● **Your goal**
Extract each line of the records below that contains the word "integer".

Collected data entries
######

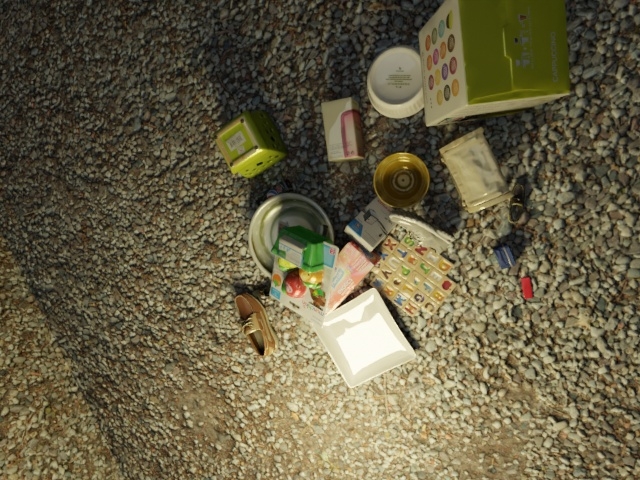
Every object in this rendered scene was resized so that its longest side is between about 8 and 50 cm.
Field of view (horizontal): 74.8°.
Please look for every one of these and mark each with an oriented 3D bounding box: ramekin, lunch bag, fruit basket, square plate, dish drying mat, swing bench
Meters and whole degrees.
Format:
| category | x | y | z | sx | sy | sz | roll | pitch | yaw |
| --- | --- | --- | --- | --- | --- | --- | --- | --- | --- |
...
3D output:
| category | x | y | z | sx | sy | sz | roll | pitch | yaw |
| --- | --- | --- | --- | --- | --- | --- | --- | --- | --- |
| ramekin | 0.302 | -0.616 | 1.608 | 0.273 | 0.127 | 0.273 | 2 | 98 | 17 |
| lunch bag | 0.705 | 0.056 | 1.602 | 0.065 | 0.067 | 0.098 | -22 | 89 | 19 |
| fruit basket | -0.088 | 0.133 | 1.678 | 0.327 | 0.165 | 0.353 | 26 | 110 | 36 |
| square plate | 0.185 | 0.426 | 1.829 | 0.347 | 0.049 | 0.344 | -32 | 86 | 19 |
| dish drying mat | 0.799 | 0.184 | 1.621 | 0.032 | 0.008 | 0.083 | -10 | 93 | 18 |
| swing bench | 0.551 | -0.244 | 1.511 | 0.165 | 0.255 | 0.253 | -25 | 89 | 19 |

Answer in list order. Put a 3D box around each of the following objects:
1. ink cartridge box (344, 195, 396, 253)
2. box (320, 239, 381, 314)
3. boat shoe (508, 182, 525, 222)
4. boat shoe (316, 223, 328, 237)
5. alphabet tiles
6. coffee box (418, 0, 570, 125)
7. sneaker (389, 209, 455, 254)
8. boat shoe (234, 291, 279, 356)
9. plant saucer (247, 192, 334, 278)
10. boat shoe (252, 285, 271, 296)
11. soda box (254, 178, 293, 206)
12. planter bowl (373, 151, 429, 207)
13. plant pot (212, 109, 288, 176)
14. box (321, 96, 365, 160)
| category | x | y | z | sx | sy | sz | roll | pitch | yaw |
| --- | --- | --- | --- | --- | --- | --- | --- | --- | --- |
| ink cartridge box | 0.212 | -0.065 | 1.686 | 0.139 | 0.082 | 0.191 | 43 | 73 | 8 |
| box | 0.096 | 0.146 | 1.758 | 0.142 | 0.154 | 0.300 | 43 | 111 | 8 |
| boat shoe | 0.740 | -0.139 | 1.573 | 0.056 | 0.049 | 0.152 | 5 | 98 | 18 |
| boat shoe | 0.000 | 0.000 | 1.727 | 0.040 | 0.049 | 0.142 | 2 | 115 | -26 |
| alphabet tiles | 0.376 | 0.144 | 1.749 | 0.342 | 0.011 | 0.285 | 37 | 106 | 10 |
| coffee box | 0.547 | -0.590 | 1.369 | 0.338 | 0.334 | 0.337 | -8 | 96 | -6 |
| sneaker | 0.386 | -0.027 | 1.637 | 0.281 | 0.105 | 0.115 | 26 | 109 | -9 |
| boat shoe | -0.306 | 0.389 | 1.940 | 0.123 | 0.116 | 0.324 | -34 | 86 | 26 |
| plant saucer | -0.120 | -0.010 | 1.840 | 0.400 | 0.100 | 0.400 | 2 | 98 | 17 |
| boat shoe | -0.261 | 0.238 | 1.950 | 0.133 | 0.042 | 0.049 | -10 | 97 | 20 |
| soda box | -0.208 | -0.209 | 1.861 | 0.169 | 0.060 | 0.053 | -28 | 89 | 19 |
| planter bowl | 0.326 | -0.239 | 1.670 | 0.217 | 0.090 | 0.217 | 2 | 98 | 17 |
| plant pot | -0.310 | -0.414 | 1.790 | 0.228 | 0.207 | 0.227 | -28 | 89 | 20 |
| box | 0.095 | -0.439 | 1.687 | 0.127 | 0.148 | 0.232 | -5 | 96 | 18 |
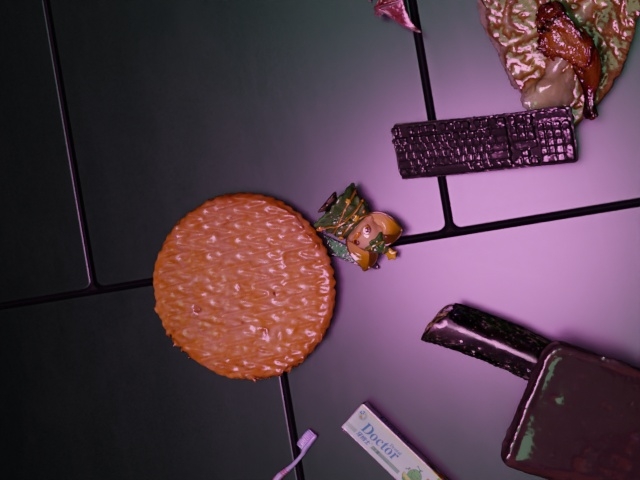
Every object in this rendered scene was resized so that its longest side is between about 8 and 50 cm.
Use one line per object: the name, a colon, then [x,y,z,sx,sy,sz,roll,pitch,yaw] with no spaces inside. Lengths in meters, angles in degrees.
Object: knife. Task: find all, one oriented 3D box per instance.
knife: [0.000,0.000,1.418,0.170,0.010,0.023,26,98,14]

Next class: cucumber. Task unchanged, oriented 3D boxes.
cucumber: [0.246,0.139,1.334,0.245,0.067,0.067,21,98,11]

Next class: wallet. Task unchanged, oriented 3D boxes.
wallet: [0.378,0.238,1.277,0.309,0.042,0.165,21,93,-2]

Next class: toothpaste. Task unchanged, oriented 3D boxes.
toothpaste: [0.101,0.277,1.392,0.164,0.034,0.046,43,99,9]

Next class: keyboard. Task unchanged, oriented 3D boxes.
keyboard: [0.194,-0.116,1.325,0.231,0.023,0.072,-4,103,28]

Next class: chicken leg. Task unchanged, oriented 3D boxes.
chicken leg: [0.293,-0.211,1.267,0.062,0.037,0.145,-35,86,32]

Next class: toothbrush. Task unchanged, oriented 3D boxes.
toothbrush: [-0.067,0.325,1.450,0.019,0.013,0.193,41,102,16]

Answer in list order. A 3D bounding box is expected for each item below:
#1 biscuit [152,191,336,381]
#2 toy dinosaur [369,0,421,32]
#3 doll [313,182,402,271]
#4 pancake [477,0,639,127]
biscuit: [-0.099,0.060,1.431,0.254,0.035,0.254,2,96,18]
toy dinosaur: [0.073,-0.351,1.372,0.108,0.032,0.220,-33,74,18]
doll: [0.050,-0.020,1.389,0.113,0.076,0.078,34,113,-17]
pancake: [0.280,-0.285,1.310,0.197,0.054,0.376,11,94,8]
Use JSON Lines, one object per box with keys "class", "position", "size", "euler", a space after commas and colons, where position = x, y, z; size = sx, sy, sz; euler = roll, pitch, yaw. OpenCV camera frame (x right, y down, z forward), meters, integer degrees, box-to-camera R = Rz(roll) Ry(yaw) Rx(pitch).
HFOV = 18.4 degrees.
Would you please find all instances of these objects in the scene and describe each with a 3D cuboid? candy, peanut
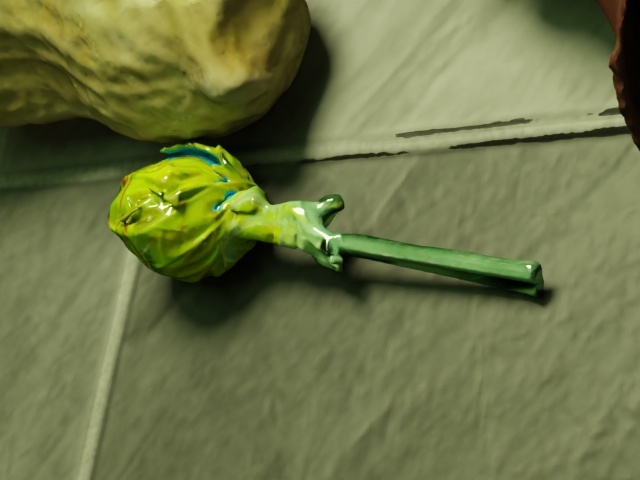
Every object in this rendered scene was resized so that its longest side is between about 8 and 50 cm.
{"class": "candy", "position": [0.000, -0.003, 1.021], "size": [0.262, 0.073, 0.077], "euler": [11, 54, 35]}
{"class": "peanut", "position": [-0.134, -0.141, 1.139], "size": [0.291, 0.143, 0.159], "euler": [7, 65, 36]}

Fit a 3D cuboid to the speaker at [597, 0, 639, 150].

######

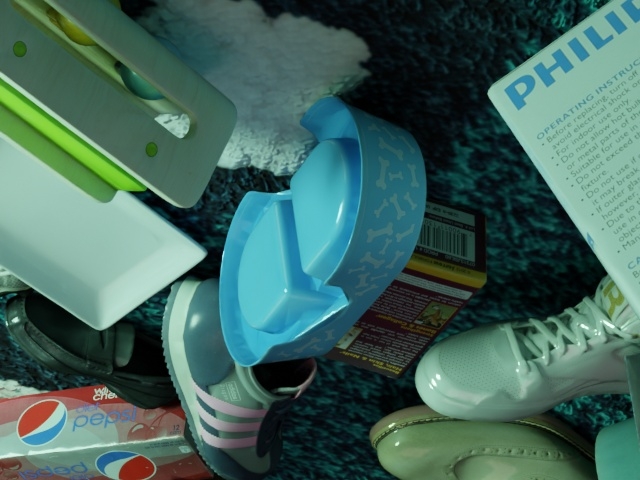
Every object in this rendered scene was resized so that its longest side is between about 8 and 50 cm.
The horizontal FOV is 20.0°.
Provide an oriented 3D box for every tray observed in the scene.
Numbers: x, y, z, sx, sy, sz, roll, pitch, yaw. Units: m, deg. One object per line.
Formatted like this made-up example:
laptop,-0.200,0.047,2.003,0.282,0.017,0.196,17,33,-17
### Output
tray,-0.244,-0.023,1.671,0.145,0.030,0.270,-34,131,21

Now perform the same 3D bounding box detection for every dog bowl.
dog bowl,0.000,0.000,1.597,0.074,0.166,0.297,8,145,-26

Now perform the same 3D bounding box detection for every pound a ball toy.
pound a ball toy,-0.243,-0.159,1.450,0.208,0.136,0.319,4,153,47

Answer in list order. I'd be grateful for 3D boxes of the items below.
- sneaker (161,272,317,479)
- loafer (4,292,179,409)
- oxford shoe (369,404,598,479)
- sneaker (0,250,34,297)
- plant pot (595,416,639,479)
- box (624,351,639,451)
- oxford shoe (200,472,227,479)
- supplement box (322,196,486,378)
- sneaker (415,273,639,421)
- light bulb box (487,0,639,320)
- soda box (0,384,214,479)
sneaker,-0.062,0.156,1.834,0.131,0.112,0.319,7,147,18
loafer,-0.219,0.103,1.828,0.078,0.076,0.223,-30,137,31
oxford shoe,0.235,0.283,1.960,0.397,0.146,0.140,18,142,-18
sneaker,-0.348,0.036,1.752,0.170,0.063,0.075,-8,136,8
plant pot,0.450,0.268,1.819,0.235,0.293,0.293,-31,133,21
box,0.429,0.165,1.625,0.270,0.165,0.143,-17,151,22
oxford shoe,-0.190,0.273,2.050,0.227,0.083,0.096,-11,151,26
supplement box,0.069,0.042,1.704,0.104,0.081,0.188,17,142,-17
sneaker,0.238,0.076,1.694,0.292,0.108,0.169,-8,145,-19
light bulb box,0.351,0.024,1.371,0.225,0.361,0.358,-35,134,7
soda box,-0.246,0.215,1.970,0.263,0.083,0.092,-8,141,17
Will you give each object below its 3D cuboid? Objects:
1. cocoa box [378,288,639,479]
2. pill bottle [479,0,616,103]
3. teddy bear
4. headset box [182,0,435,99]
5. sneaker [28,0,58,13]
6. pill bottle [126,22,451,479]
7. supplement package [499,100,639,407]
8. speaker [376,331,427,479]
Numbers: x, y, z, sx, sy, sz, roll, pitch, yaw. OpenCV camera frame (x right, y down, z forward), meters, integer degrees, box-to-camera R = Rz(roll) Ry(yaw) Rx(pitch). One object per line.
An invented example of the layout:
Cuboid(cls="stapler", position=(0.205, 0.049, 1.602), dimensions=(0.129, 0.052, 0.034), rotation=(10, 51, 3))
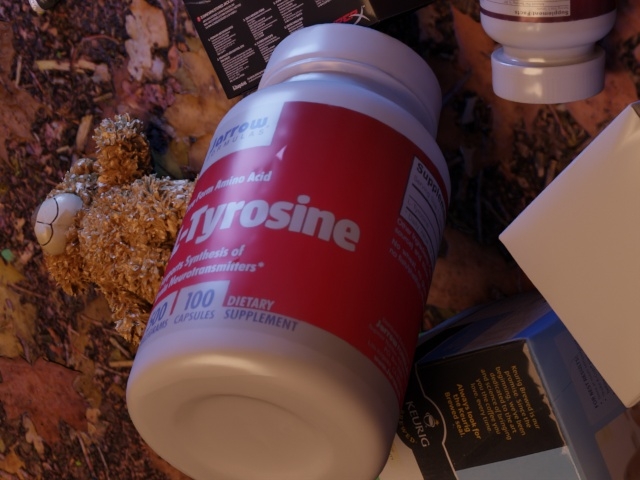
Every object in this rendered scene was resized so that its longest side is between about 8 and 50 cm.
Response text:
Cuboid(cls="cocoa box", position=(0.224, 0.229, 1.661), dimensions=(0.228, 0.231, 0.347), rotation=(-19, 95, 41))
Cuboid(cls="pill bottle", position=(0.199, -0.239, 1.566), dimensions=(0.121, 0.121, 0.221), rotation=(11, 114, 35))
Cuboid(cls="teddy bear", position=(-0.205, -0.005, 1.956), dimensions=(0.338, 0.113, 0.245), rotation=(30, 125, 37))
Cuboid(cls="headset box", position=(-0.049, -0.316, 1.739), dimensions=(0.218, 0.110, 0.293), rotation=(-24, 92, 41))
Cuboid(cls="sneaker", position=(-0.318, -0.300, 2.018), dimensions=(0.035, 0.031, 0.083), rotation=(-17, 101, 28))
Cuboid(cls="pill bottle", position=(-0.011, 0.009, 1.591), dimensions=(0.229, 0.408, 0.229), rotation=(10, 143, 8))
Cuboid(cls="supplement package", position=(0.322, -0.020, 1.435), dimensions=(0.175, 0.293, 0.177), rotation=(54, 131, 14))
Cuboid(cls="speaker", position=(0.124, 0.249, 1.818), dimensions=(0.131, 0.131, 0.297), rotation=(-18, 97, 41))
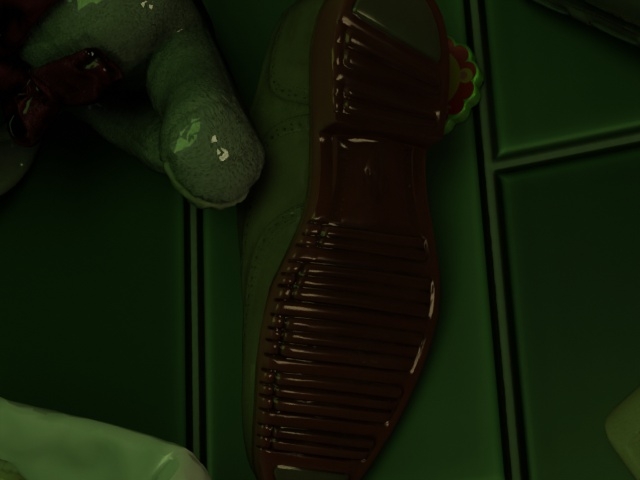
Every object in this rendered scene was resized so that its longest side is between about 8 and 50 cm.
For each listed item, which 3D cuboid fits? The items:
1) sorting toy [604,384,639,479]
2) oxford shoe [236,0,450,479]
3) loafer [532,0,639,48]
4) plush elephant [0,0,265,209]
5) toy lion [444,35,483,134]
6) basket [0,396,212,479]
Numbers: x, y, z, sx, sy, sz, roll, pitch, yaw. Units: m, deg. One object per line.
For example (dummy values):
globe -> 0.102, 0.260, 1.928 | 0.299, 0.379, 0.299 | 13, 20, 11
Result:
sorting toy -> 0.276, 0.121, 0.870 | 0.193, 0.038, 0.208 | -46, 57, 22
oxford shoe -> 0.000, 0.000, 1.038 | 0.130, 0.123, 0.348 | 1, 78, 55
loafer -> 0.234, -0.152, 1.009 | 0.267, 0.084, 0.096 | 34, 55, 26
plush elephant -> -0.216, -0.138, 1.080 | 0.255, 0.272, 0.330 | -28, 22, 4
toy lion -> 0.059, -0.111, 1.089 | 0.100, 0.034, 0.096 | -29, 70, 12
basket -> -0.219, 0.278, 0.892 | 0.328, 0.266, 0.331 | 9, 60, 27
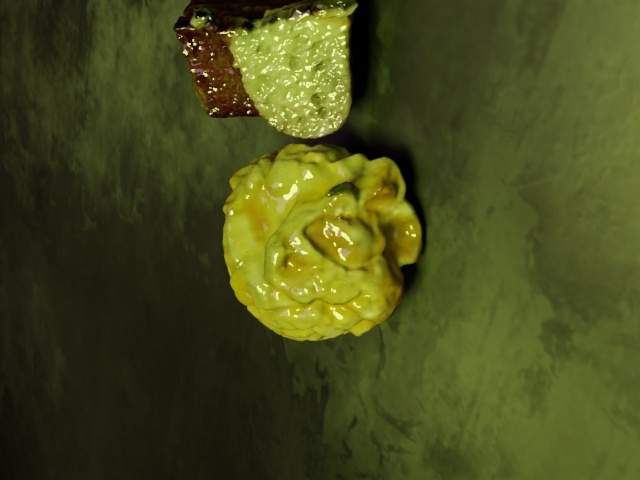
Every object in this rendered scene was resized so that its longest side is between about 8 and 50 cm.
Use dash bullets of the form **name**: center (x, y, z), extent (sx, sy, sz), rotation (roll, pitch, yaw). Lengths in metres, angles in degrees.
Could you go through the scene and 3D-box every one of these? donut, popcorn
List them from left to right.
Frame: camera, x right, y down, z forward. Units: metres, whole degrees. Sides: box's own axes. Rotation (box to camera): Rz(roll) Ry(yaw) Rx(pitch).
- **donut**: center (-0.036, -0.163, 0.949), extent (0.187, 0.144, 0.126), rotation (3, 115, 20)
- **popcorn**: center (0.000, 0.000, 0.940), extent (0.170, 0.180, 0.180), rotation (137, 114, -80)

######

● **Response to the task**
Use JSON Lines, one object per box with keys "class", "position", "size", "euler", a space after commas and colons, where position = x, y, z; size = sx, sy, sz; euler = roll, pitch, yaw. OpenCV camera frame (x right, y down, z forward), meters, integer degrees, box-to-camera R = Rz(roll) Ry(yaw) Rx(pitch).
Numbers: x, y, z, sx, sy, sz, roll, pitch, yaw. OpenCV camera frame (x right, y down, z forward), meters, integer degrees, box-to-camera R = Rz(roll) Ry(yaw) Rx(pitch). One object per line.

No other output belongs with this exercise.